## [Data]

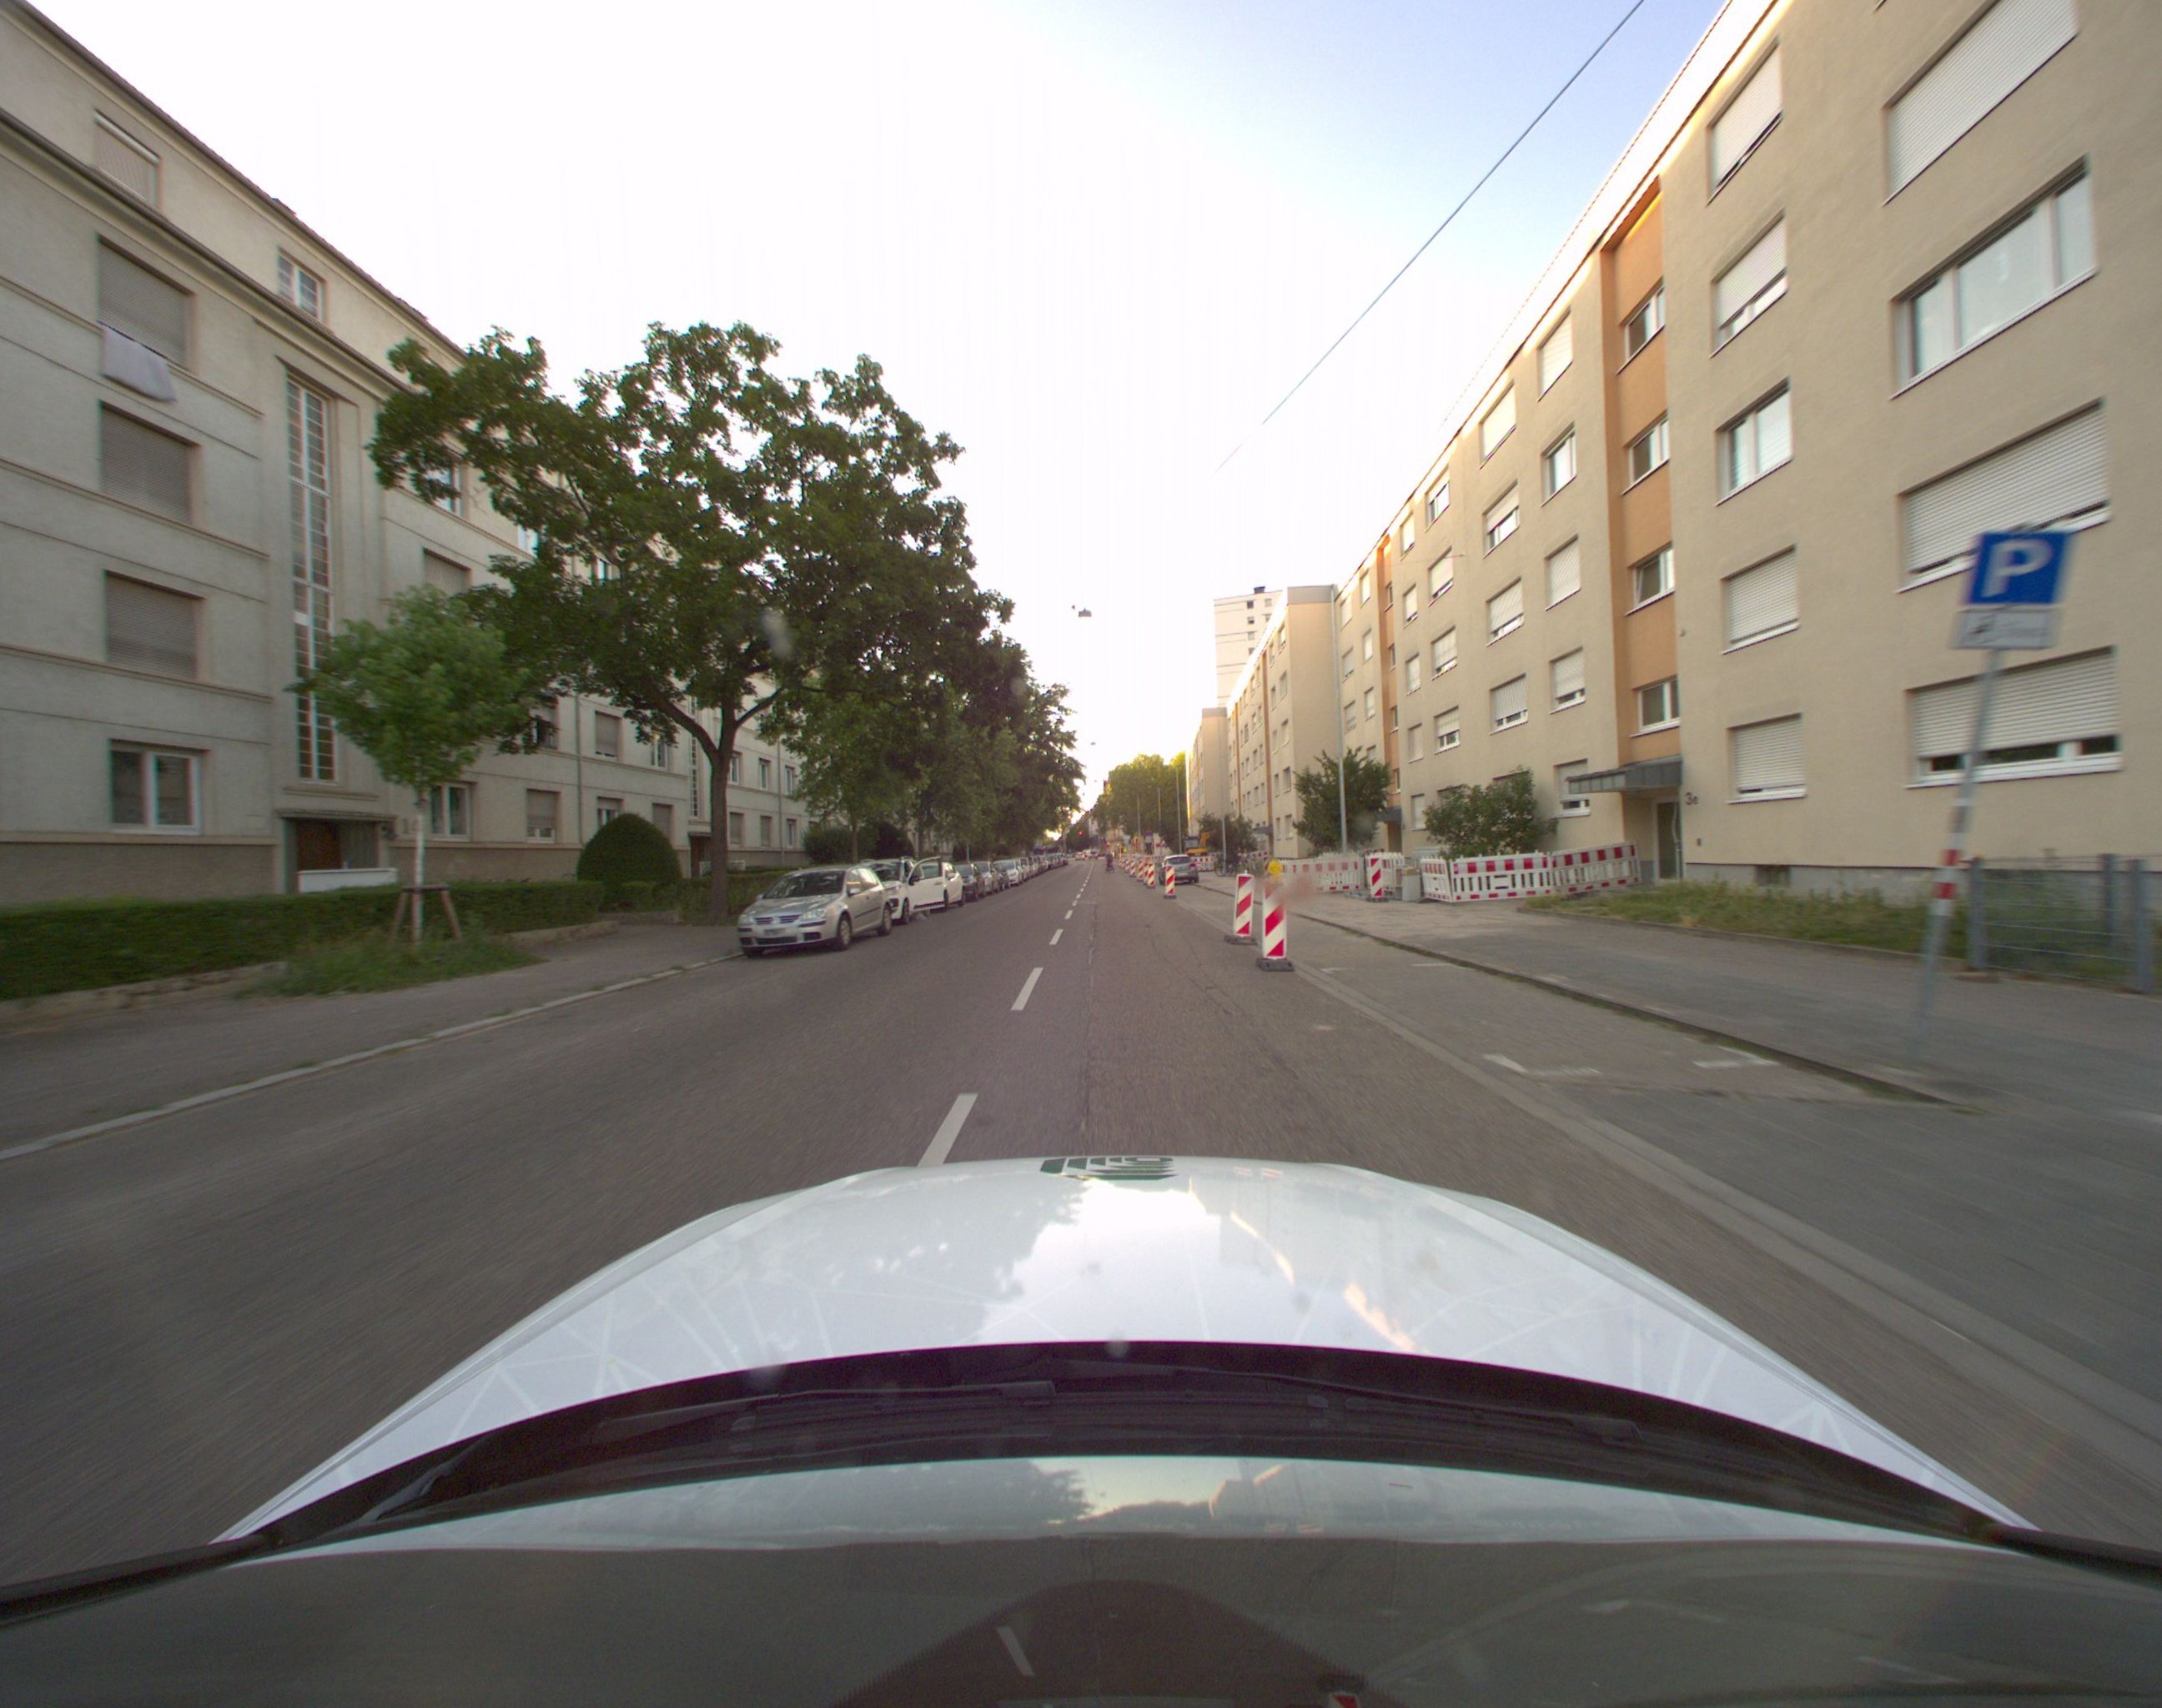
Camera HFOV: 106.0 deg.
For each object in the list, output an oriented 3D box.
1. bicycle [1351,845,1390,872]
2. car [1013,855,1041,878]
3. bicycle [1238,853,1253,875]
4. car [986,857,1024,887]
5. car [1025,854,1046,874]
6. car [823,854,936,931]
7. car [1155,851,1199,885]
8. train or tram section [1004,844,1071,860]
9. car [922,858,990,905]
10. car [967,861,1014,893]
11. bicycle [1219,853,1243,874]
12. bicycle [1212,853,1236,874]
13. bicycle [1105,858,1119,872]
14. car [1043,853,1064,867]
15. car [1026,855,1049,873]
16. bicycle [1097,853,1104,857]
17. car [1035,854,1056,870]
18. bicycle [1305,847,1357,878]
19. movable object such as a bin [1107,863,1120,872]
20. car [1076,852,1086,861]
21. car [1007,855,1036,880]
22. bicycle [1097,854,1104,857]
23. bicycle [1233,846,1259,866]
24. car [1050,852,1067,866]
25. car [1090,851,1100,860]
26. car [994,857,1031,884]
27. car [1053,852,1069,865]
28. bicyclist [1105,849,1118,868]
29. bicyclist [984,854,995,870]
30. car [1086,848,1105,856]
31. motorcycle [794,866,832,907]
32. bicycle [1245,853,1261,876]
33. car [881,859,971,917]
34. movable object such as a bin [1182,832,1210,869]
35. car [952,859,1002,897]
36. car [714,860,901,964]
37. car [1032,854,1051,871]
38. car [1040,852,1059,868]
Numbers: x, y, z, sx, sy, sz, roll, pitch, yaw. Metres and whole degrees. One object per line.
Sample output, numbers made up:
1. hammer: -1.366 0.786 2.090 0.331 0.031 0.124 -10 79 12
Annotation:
1. bicycle: 11.787 0.183 33.136 1.827 0.921 0.551 -6 -1 -40
2. car: -4.013 0.893 60.827 1.583 1.529 2.924 -5 0 3
3. bicycle: 9.176 0.539 45.466 0.553 1.172 1.819 -2 0 4
4. car: -4.190 0.989 45.497 1.687 1.459 4.143 -5 0 -1
5. car: -3.906 0.833 69.686 1.518 1.529 3.163 -5 0 0
6. car: -4.989 0.891 20.772 1.747 1.632 4.106 -5 0 0
7. car: 4.922 0.706 42.162 1.769 1.490 4.576 -6 0 2
8. train or tram section: -11.641 -0.438 216.345 16.870 3.625 5.068 -2 0 18
9. car: -4.607 0.974 30.658 1.747 1.479 4.677 -5 0 -1
10. car: -4.421 1.081 40.458 1.669 1.331 4.579 -5 0 0
11. bicycle: 8.752 0.551 47.499 0.627 1.172 1.807 -2 0 -15
12. bicycle: 8.225 0.554 47.001 0.557 1.172 1.805 -1 0 -18
13. bicycle: 2.689 0.933 71.038 0.937 1.172 2.357 -4 0 -2
14. car: -3.110 0.665 92.857 1.724 1.497 4.277 -4 0 5
15. car: -3.916 0.882 73.834 1.584 1.404 4.182 -5 0 1
16. bicycle: 5.544 0.354 233.277 1.909 0.968 0.545 -2 0 -1
17. car: -3.605 0.778 83.637 1.701 1.452 3.844 -5 0 1
18. bicycle: 9.920 0.336 32.365 1.804 1.022 0.558 -7 -1 1
19. movable object such as a bin: 2.750 1.152 69.370 0.937 0.689 0.992 -5 0 -2
20. car: -0.047 0.544 162.177 1.860 1.585 3.998 -3 0 -1
21. car: -4.104 0.926 56.649 1.585 1.505 3.800 -5 0 1
22. bicycle: 5.580 0.469 233.425 1.909 0.968 0.545 -2 0 -1
23. bicycle: 10.650 0.135 52.594 1.590 1.222 0.484 -2 0 -6
24. car: -2.900 0.646 105.574 1.947 1.719 4.771 -4 0 0
25. car: 3.022 0.238 177.561 1.860 1.815 3.999 -3 0 0
26. car: -4.178 0.976 50.068 1.686 1.459 4.484 -5 0 1
27. car: -2.725 0.621 113.413 1.947 1.616 4.605 -4 0 1
28. bicyclist: 2.652 0.425 70.946 0.937 1.581 1.145 -4 -1 -2
29. bicyclist: -8.259 0.724 73.640 0.805 1.404 0.974 -1 0 1
30. car: 4.225 -0.664 239.678 5.855 2.288 2.047 -2 0 -42
31. motorcycle: -9.123 1.091 27.789 0.584 1.324 1.829 -2 0 1
32. bicycle: 9.182 0.530 43.418 0.553 1.172 1.819 -2 0 4
33. car: -4.698 0.987 25.276 1.745 1.479 3.947 -5 0 3
34. movable object such as a bin: 8.605 -0.266 61.181 1.924 2.693 2.896 -2 0 6
35. car: -4.498 1.002 35.664 1.670 1.459 3.703 -5 0 -1
36. car: -4.808 0.934 15.024 1.745 1.471 4.226 -5 0 2
37. car: -3.853 0.819 79.244 1.586 1.538 4.204 -5 0 -1
38. car: -3.373 0.655 88.054 1.701 1.600 4.117 -5 0 1

## [Problem to work on]
Please show, exactly as written, every line above that contains the word "output".

## [Answer below]
For each object in the list, output an oriented 3D box.
Sample output, numbers made up:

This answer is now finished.